After September 11, 2001, when the then US administration accused individuals and states across the Muslim world of sponsoring terrorism, Gaddafi feared American punishment for his previous terrorist acts – many online documents confirm the enormous fear he felt at the time – to the point that he once appeared on a local TV newscast donating blood for the twin-tower attack victims.
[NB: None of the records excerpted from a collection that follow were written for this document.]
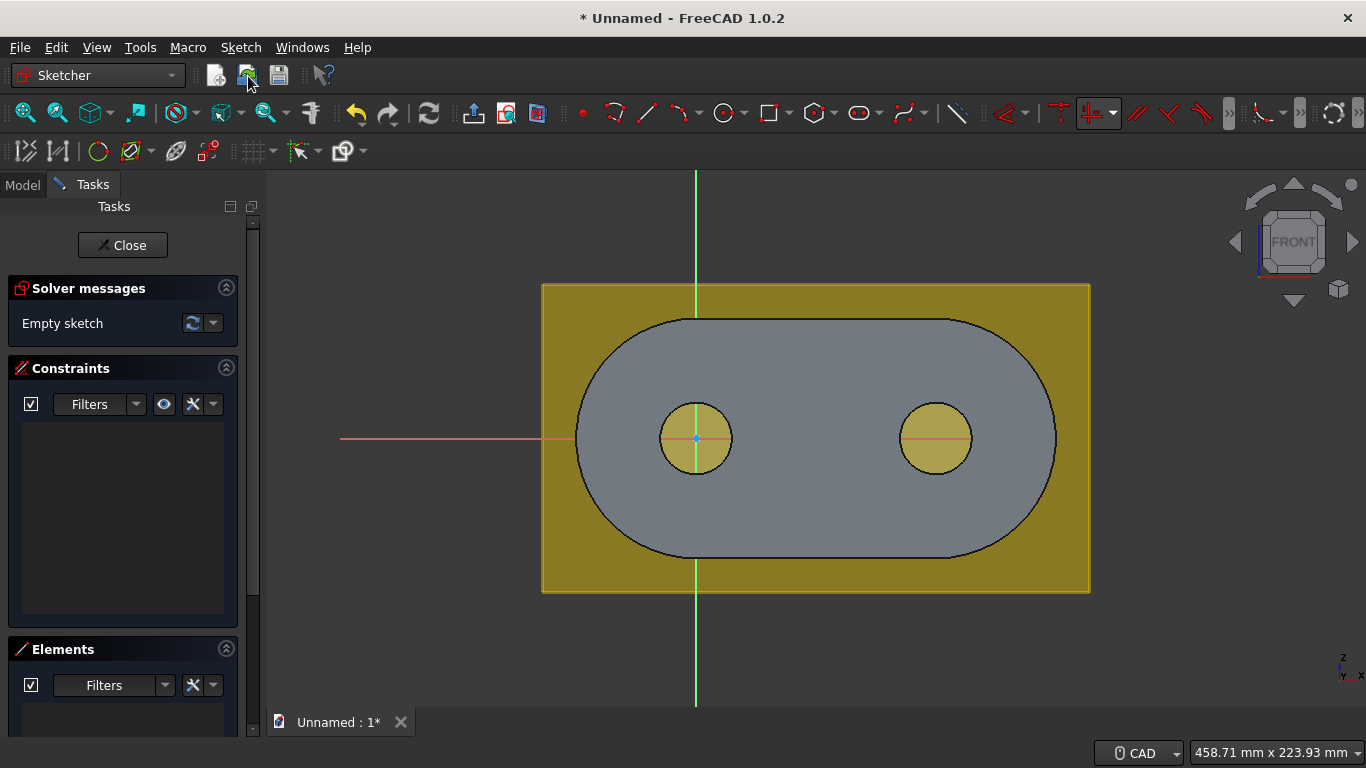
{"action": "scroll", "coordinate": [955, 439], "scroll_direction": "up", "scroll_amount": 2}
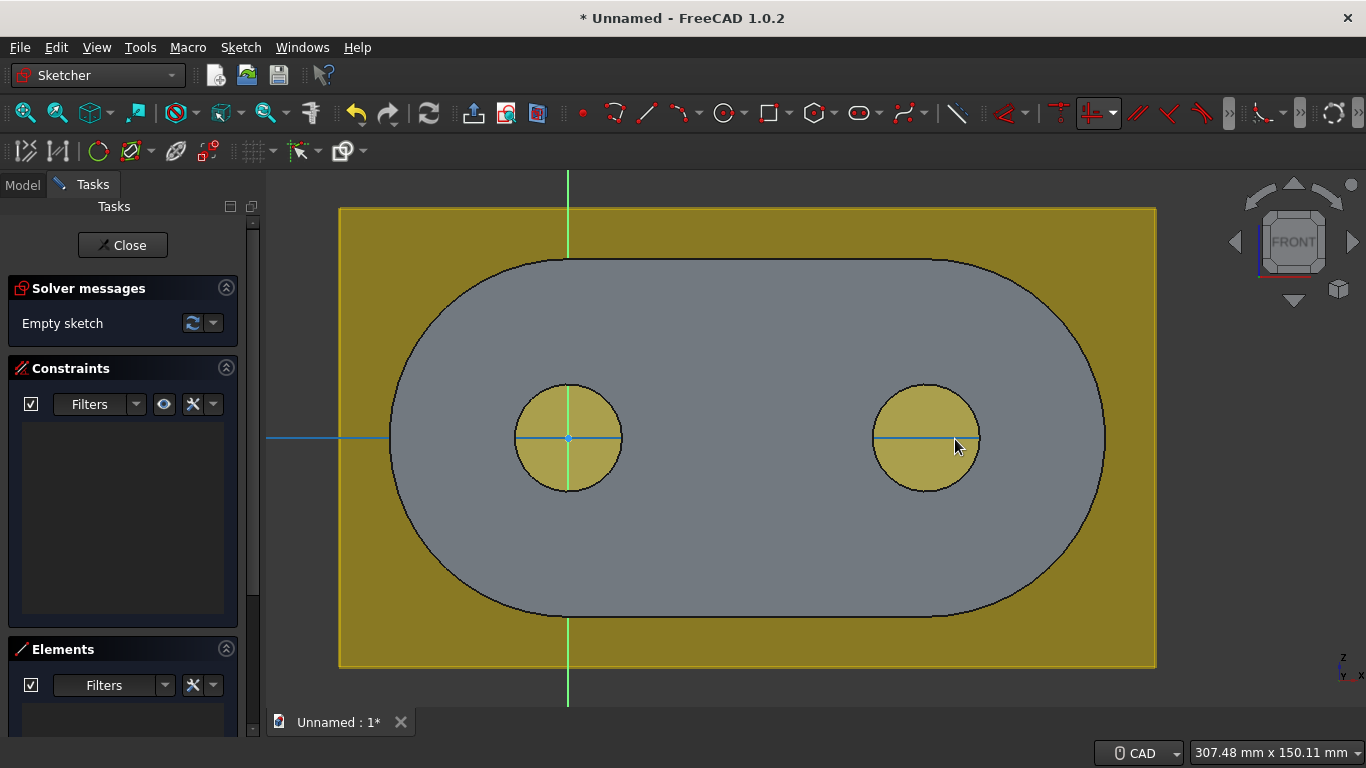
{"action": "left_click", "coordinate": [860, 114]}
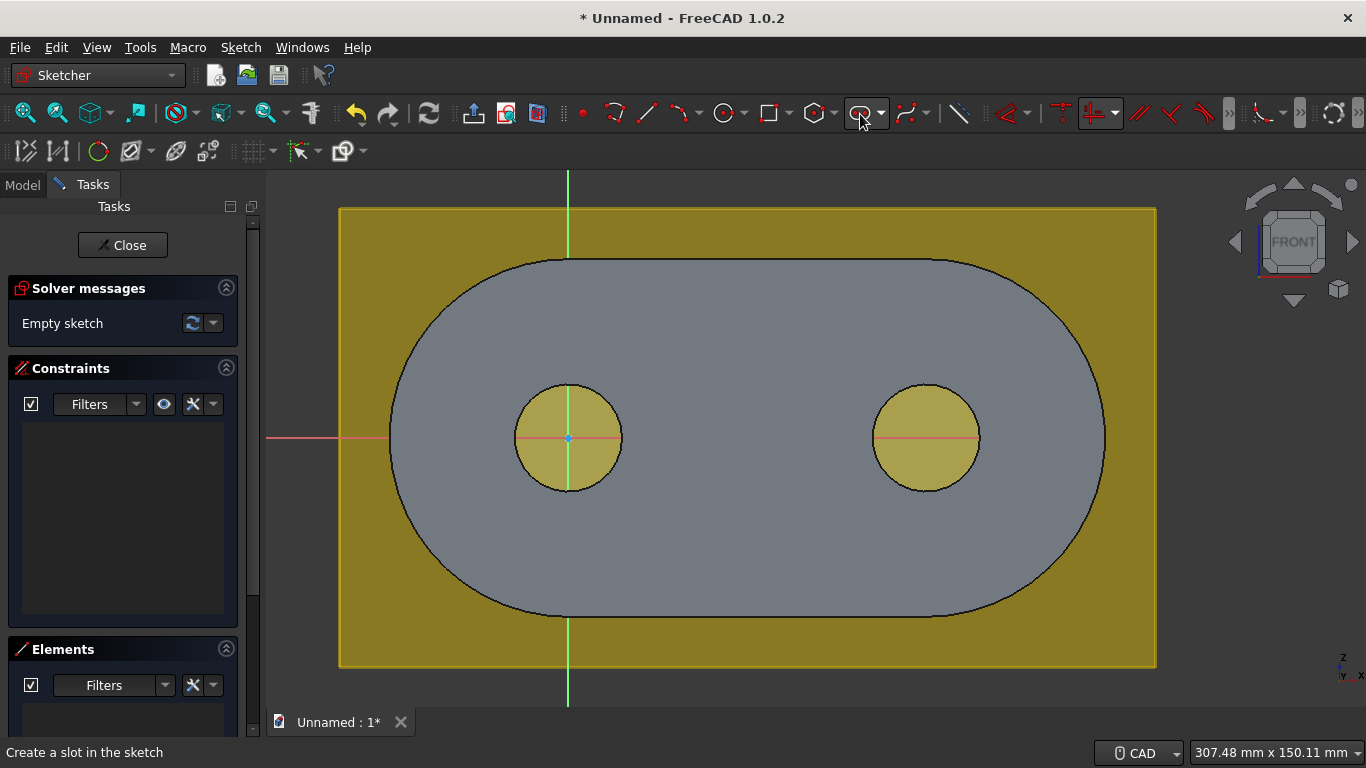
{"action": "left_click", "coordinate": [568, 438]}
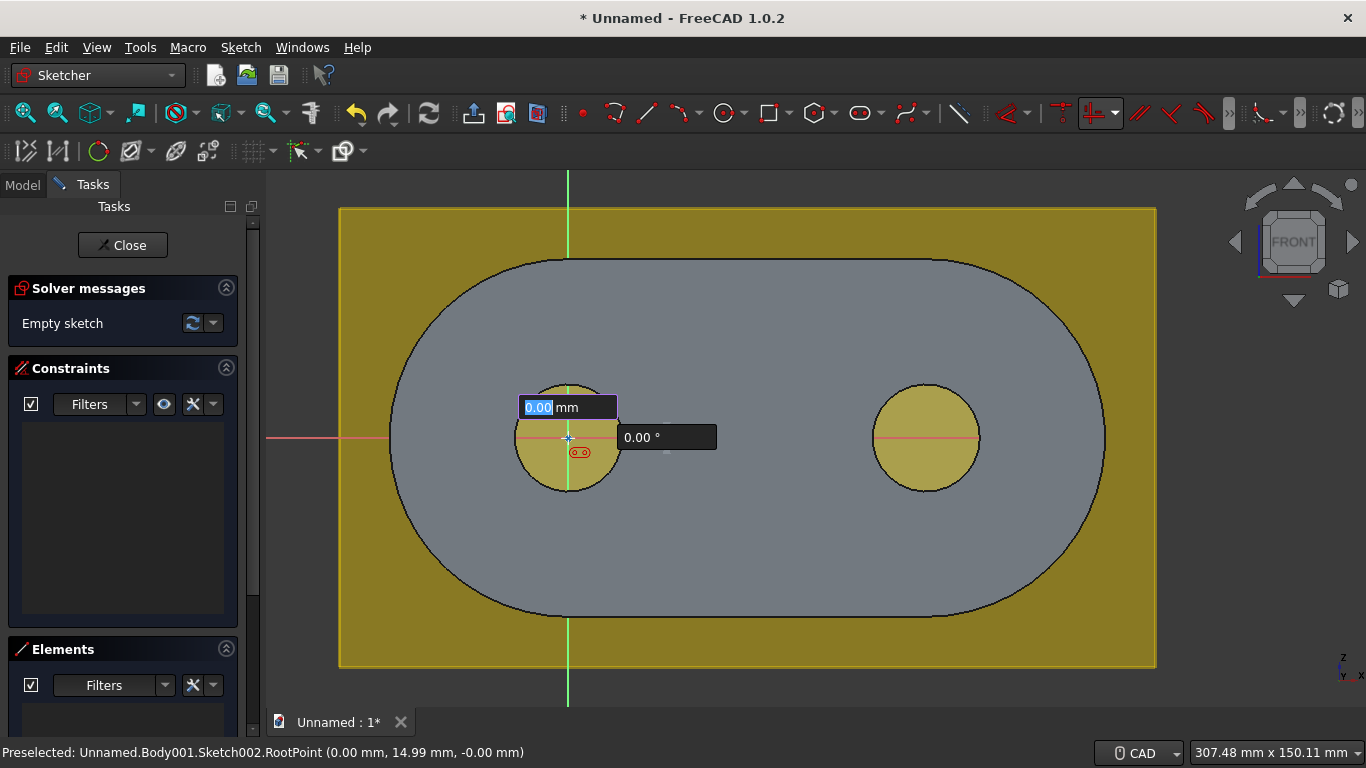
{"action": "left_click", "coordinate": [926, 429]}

He also phoned his friend Berlusconi and asked him to tell President George W. Bush that he was fully prepared to participate in the War on Terror and to provide US intelligence with names of terrorist groups and individuals around the world. After the fall of Baghdad, Gaddafi voluntarily dismantled his nuclear program and handed over all its equipment and documents. He even bore their freight charges to the US. In return, the CIA and British Intelligence handed over to him LIFG members who were arrested outside Libya, including in 2005 the emir of the LIFG, Belhadj – arrested in Thailand – and the jurist of the LIFG, Sami Saadi – arrested in Hong Kong. In 2006, Libya was removed from the list of State Sponsors of Terrorism.

Gaddafi felt he was welcomed back in the world’s international community, especially after receiving British, German and French leaders in his tent. He was particularly overjoyed when Condoleezza Rice visited him in Tripoli. Encouraged by his success in saving himself from the consequences of external terrorism through payment of billions of US Dollars as compensation, he wanted to close his internal terror file relating to Abou Sleem prison massacre and the remaining Islamist prisoners. He resorted to review mediations, similar to those with Islamists in Jordan, Egypt, Algeria, Morocco and Saudi Arabia.

He sought the help of Saudi sheikhs who had previously described him as godless. They started praising him when Saudi Arabia became, through Prince Bandar bin Sultan, the godfather of the solution of the Lockerbie case. He also sought the help of Yusuf al-Qaradawi – the Muslim Brotherhood’s jurist and Qatar’s outstanding super religious star of Al-Jazeera channel. At home, he sought the help of Libyan sheikhs, such as Muslim Brother Ali al-Sallabi, Salafist Sadiq Al-Ghariani – present Mufti of Libya – and their old friend in Afghanistan Noman Benotman who repented after 9/11 – now President of the London-based Quilliam Foundation that focuses on counter-terrorism.

The mediation result was a deal under which prisoners were released in return for declaring repentance and compliance with their ruler, Gaddafi. Accordingly, they moved from a social incubator in which many individuals, families and even cities suffered harsh collective punishment for them to a security incubator that offered them financial compensation and reinstated them or provided them with new jobs. That turnaround happened after they authored a 414-page book titled ‘Corrective Studies on the Concepts of Jihad, Accountability and Judging People’ in which they asked for the despot ruler’s forgiveness.